Cite as: https://hdl.handle.net/21.11116/0000-000F-58F7-8

Abstract

This thesis addresses the pressing need for methodologies facilitating late-stage aromatic C–N and C–CF₂ bond formations, crucial in the realm of drug discovery. The significance of aromatic C–N bonds in pharmaceutical compounds underscores the demand for diversification at advanced stages. Aromatic C–H functionalization, a strategy involving the conversion of carbon-bound hydrogen atoms into functional groups, offers an avenue to enhance aromatic molecule complexity. Challenges in C–H functionalization include positional selectivity and tolerance towards reactive functional groups. The Ritter group's work on selective C–H thianthrenation paved the way for constructing aryl electrophiles, utilized in subsequent transformations like fluorination, amination, and oxygenation.

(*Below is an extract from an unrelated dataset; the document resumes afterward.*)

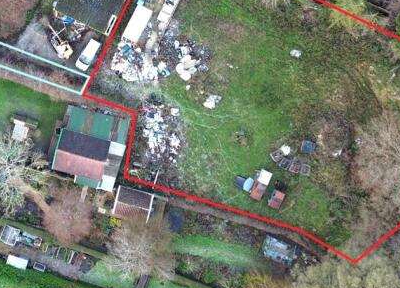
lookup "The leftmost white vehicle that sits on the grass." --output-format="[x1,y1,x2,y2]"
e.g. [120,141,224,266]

Part I of this thesis showcases the novel use of arylthianthrenium salts for C(sp²)–CF₂ bond construction via palladium-catalyzed Negishi cross-coupling, enabling late-stage incorporation of difluoroalkyl groups. The method extends to generate even fluorolkylated arenes. Part I also demonstrates Ni(I)-catalyzed amination of arylthianthenium salts, broadening substrate scope and offering an alternative to dual Ni/photoredox-catalyzed amination, particularly for electron-rich substrates.

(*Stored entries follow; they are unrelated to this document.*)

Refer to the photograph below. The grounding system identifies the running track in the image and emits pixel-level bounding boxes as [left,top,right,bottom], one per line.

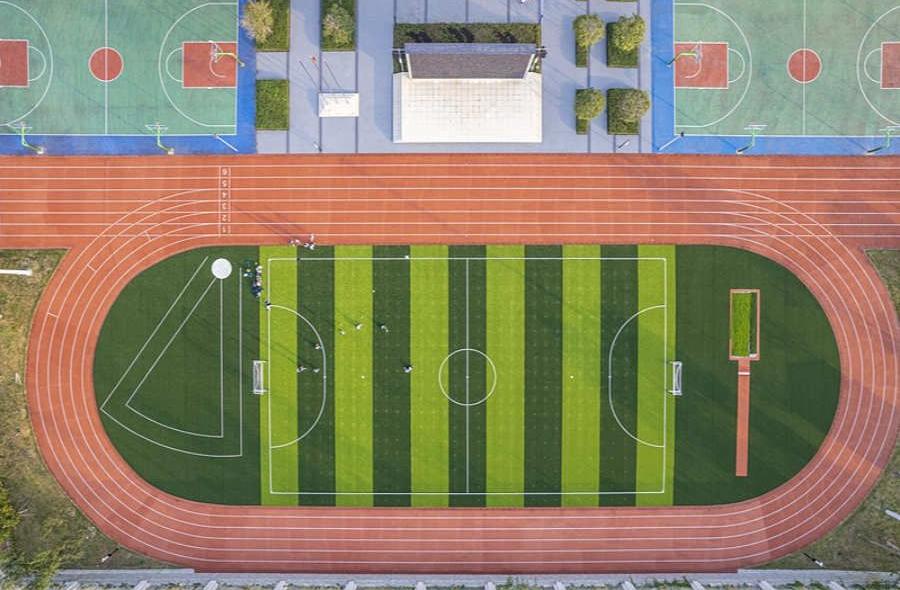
[0,154,900,573]
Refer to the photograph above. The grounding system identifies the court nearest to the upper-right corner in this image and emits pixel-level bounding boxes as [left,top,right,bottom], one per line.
[652,0,900,154]
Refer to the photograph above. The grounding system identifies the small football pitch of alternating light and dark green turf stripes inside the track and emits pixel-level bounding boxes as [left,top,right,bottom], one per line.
[260,246,675,506]
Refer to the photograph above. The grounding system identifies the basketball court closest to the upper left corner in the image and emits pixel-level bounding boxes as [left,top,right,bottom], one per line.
[0,0,257,154]
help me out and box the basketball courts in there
[0,0,257,154]
[652,0,900,154]

Part II of this thesis shifts the focus to positron-emission tomography (PET)-tracer development. As of 2023, the U.S. Food and Drug Administration (FDA) has approved just seventeen PET-tracers, of which seven have been developed in the last five years and only one was developed in last two years. Beyond factors like regulatory requirements, high costs, need for specialized expertise etc., the scarcity of approved tracers results from complications in research and development as identifying compounds that can effectively target specific biological processes or diseases in animals can be challenging. Moreover, introducing short-lived radionuclides in the final or penultimate step of the synthesis adds up to the challenge. Complex molecular structures can hinder reactivity, necessitating innovative strategies. Peptides, due to selective binding and rapid clearance, are promising for PET-tracer design. The second part introduces a method for radio-deoxyfluorination, yielding peptide with 4-[¹⁸F]fluoro-phenylalanine side chain, preserving biological function and enabling versatile labeling.
This thesis tackles critical challenges in late-stage bond formations and PET-tracer development, contributing valuable methods to advance drug discovery and molecular imaging.